[Opening Recorded information section]

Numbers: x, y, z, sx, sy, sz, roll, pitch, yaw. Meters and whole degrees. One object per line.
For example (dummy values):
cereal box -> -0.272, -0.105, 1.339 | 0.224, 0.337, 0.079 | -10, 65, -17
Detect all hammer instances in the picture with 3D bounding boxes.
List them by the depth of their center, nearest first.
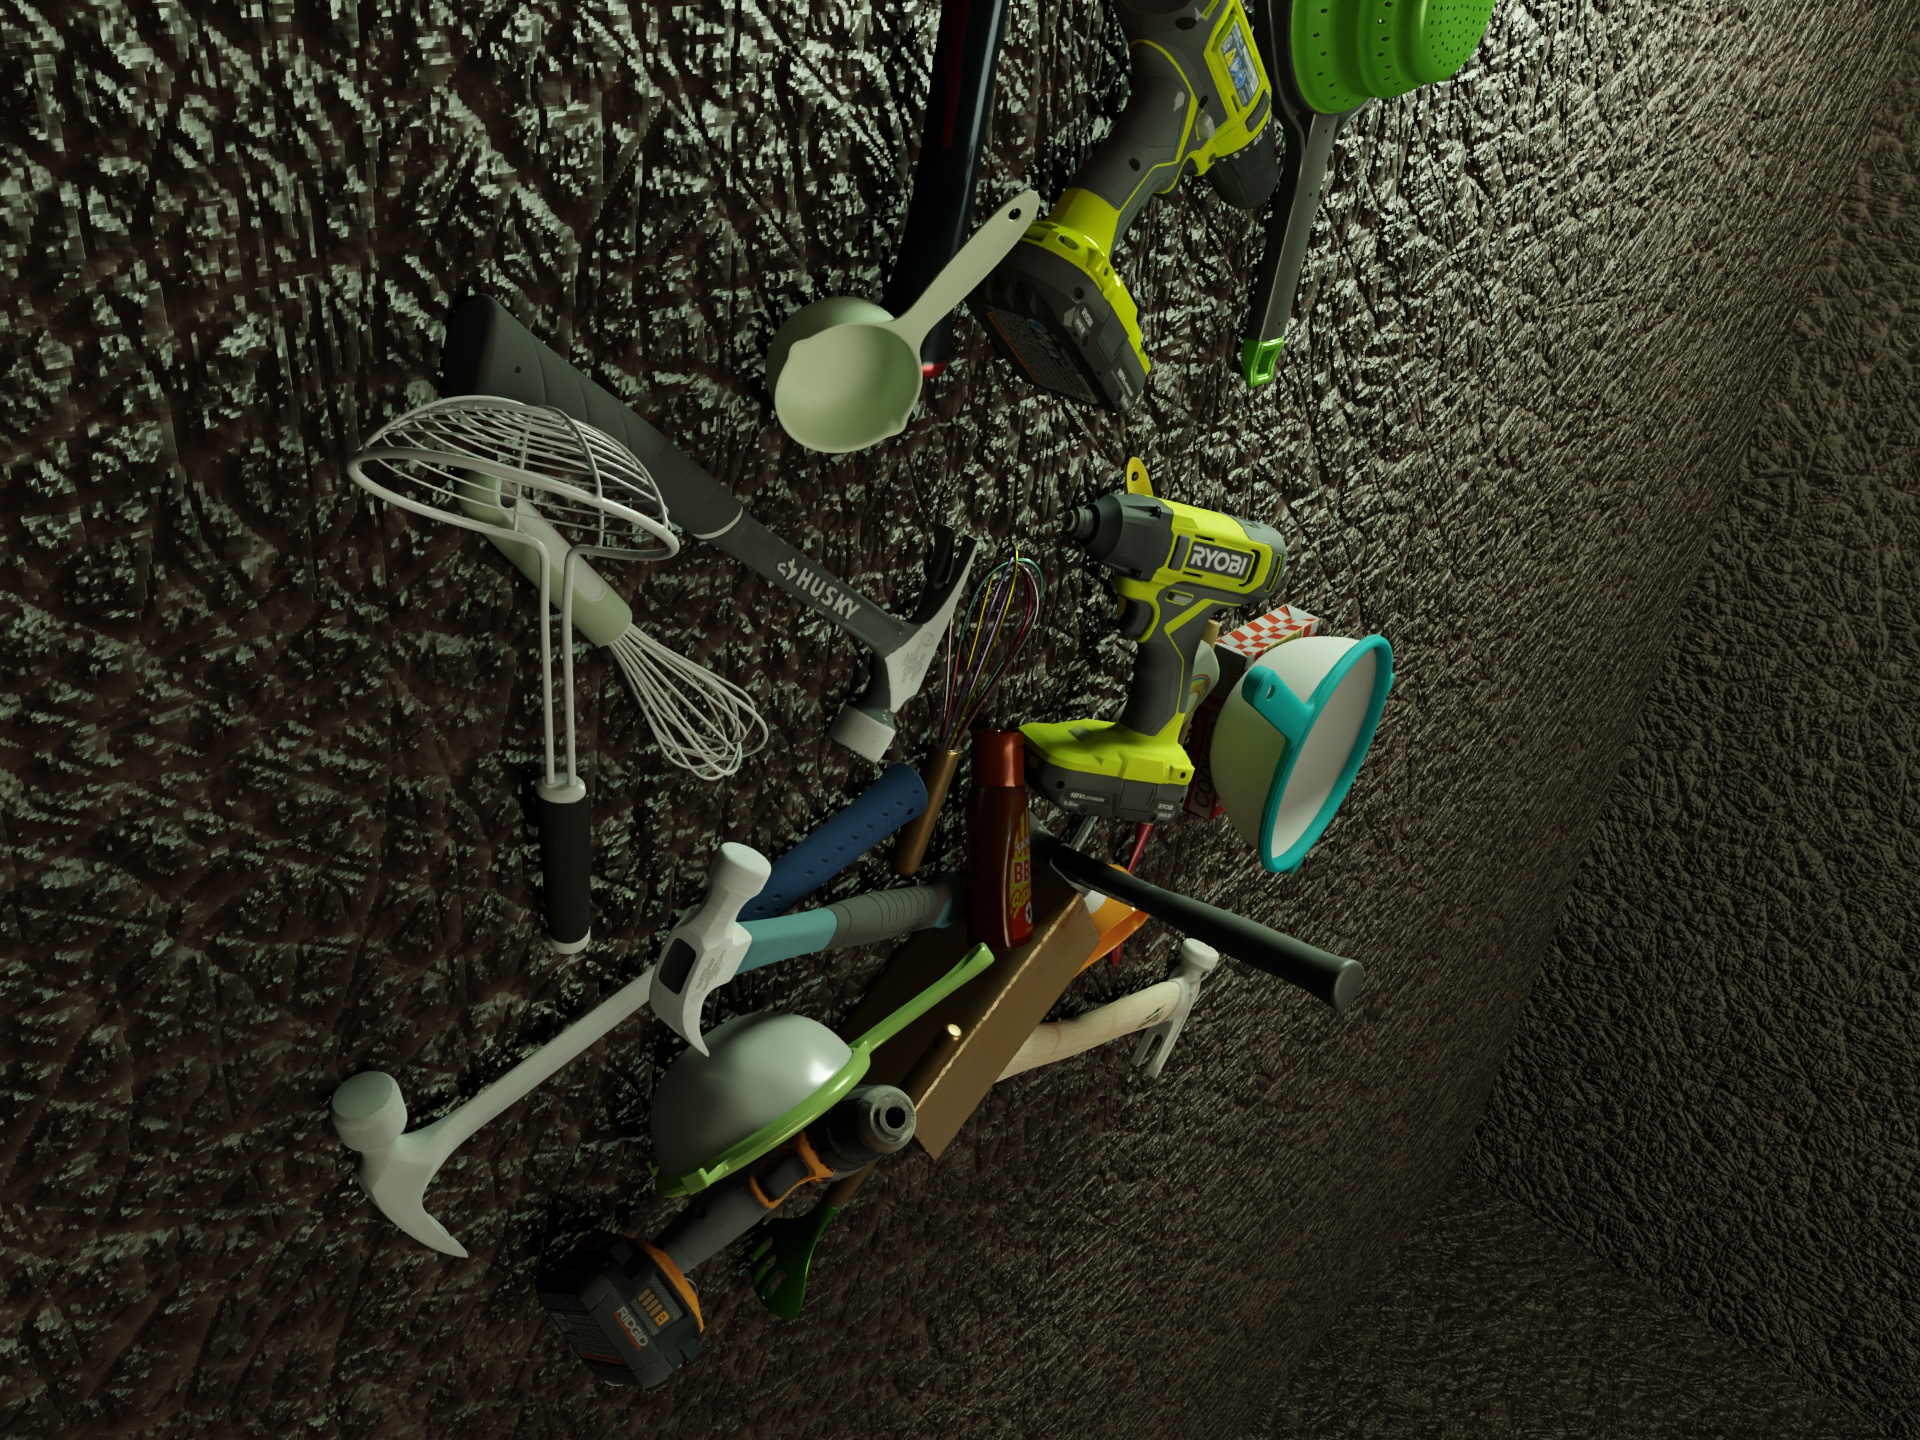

[Closing Recorded information section]

What the task asks. Repeat all the material exactly, but keep pictures out of the copy.

Expected answer.
Numbers: x, y, z, sx, sy, sz, roll, pitch, yaw. Meters and whole degrees. One object per line.
For example (dummy values):
cereal box -> -0.272, -0.105, 1.339 | 0.224, 0.337, 0.079 | -10, 65, -17
Detect all hammer instances in the picture with 3D bounding boxes.
List them by the depth of their center, nearest first.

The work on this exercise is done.